---------- SUPPLIED MATERIAL ----------

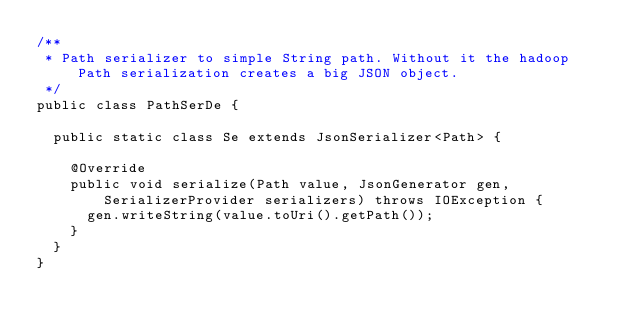Convert code to text. <code><loc_0><loc_0><loc_500><loc_500><_Java_>/**
 * Path serializer to simple String path. Without it the hadoop Path serialization creates a big JSON object.
 */
public class PathSerDe {

  public static class Se extends JsonSerializer<Path> {

    @Override
    public void serialize(Path value, JsonGenerator gen, SerializerProvider serializers) throws IOException {
      gen.writeString(value.toUri().getPath());
    }
  }
}
</code> 
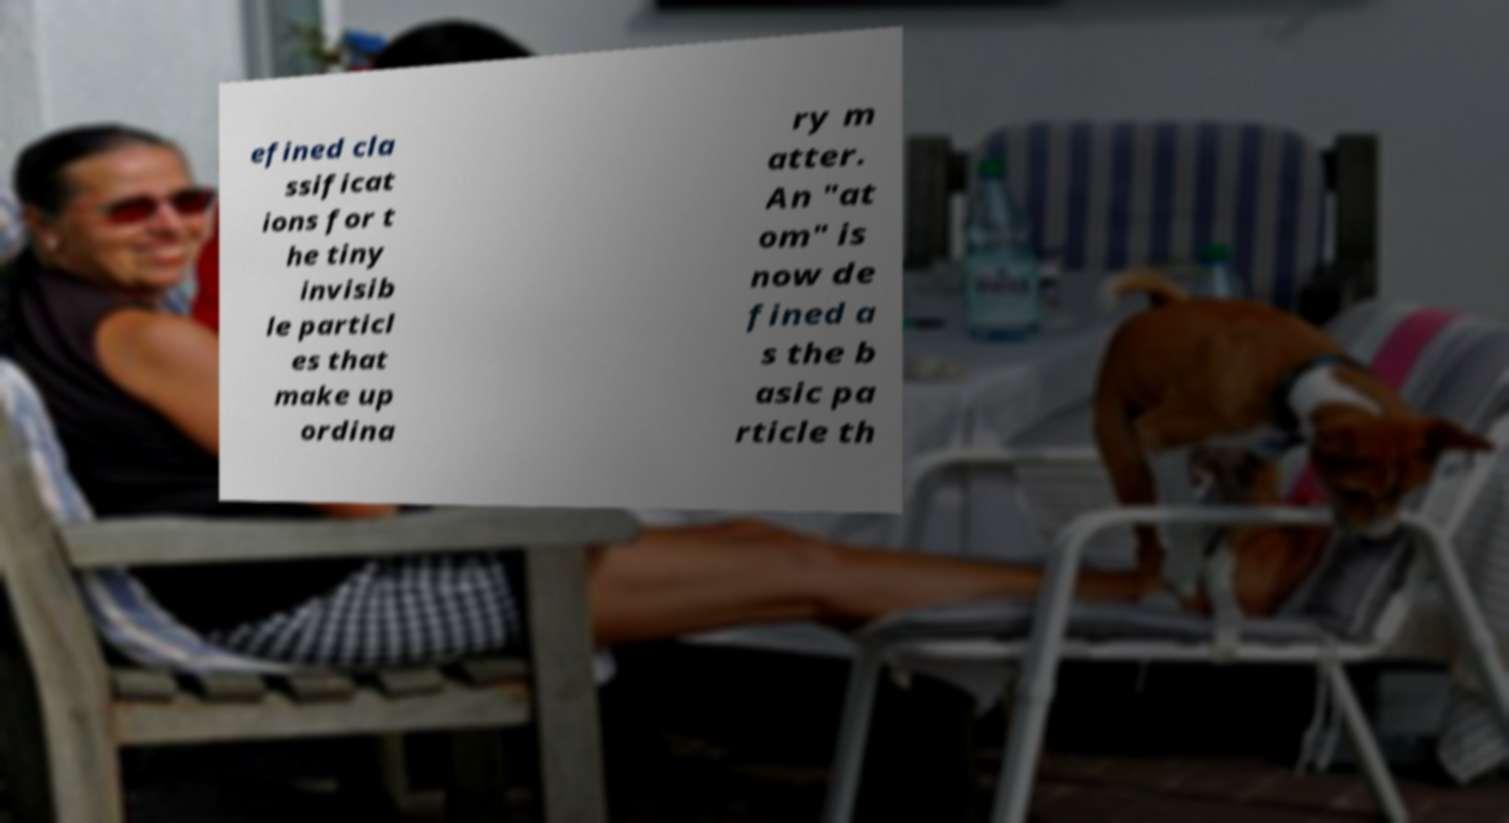Could you assist in decoding the text presented in this image and type it out clearly? efined cla ssificat ions for t he tiny invisib le particl es that make up ordina ry m atter. An "at om" is now de fined a s the b asic pa rticle th

----------

__DIRECTIONS__:
Nothing may be altered when you restate the records, but every picture must be dropped.

__EXERCISE SOLUTION__:
Convert code to text. <code><loc_0><loc_0><loc_500><loc_500><_Java_>/**
 * Path serializer to simple String path. Without it the hadoop Path serialization creates a big JSON object.
 */
public class PathSerDe {

  public static class Se extends JsonSerializer<Path> {

    @Override
    public void serialize(Path value, JsonGenerator gen, SerializerProvider serializers) throws IOException {
      gen.writeString(value.toUri().getPath());
    }
  }
}
</code> 
Could you assist in decoding the text presented in this image and type it out clearly? efined cla ssificat ions for t he tiny invisib le particl es that make up ordina ry m atter. An "at om" is now de fined a s the b asic pa rticle th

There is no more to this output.